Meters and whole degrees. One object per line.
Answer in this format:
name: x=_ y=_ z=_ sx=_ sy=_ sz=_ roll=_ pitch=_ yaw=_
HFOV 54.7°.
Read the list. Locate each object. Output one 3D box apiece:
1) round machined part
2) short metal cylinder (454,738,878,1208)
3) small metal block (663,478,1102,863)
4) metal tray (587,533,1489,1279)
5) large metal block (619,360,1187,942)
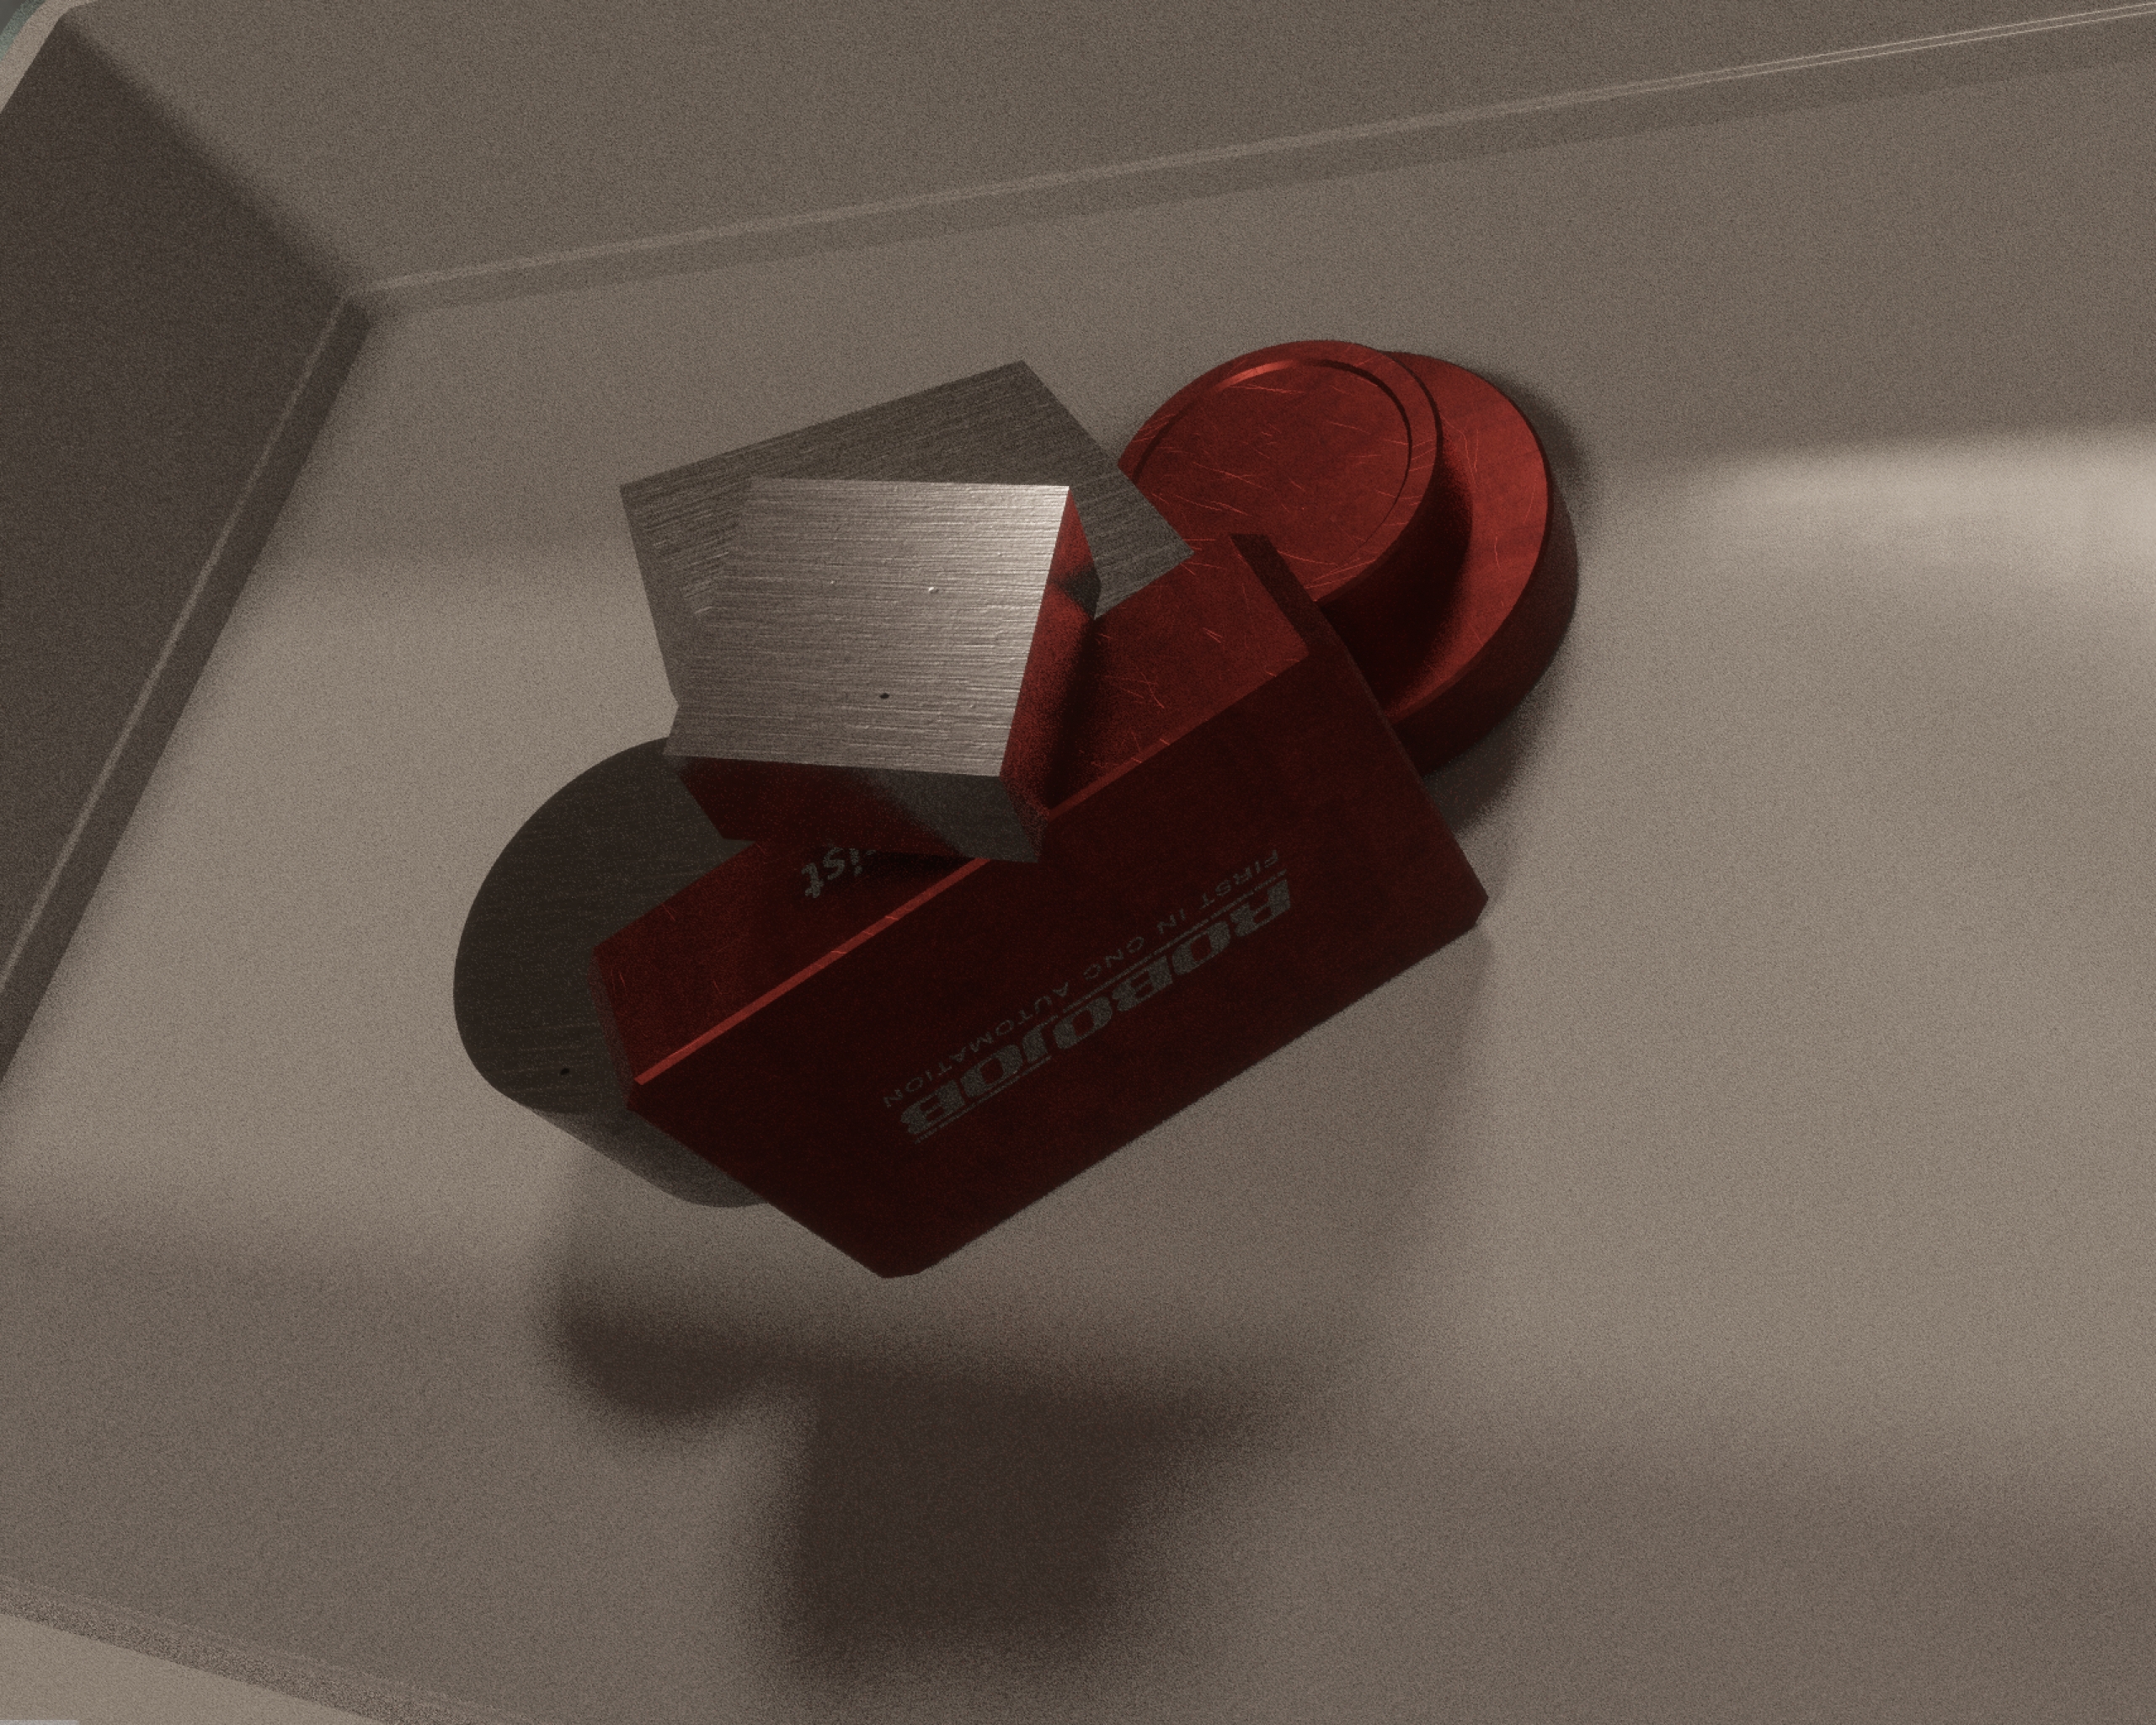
round machined part: x=0.044 y=-0.063 z=0.407 sx=0.098 sy=0.042 sz=0.098 roll=-13 pitch=56 yaw=20
short metal cylinder: x=-0.074 y=0.022 z=0.411 sx=0.080 sy=0.050 sz=0.080 roll=-13 pitch=56 yaw=20
small metal block: x=-0.028 y=-0.029 z=0.313 sx=0.050 sy=0.025 sz=0.050 roll=4 pitch=62 yaw=15
metal tray: x=-0.003 y=0.013 z=0.354 sx=0.130 sy=0.090 sz=0.030 roll=-33 pitch=51 yaw=6
large metal block: x=-0.027 y=-0.039 z=0.379 sx=0.081 sy=0.050 sz=0.080 roll=-22 pitch=49 yaw=-16

What the task requires — From the line containing "name: x=_ y=_" through the last line of the listing, inclusive, transcribe every line exactly and nothing else; the pictures stay out.

Exercise answer —
name: x=_ y=_ z=_ sx=_ sy=_ sz=_ roll=_ pitch=_ yaw=_
HFOV 54.7°.
Read the list. Locate each object. Output one 3D box apiece:
1) round machined part
2) short metal cylinder (454,738,878,1208)
3) small metal block (663,478,1102,863)
4) metal tray (587,533,1489,1279)
5) large metal block (619,360,1187,942)
round machined part: x=0.044 y=-0.063 z=0.407 sx=0.098 sy=0.042 sz=0.098 roll=-13 pitch=56 yaw=20
short metal cylinder: x=-0.074 y=0.022 z=0.411 sx=0.080 sy=0.050 sz=0.080 roll=-13 pitch=56 yaw=20
small metal block: x=-0.028 y=-0.029 z=0.313 sx=0.050 sy=0.025 sz=0.050 roll=4 pitch=62 yaw=15
metal tray: x=-0.003 y=0.013 z=0.354 sx=0.130 sy=0.090 sz=0.030 roll=-33 pitch=51 yaw=6
large metal block: x=-0.027 y=-0.039 z=0.379 sx=0.081 sy=0.050 sz=0.080 roll=-22 pitch=49 yaw=-16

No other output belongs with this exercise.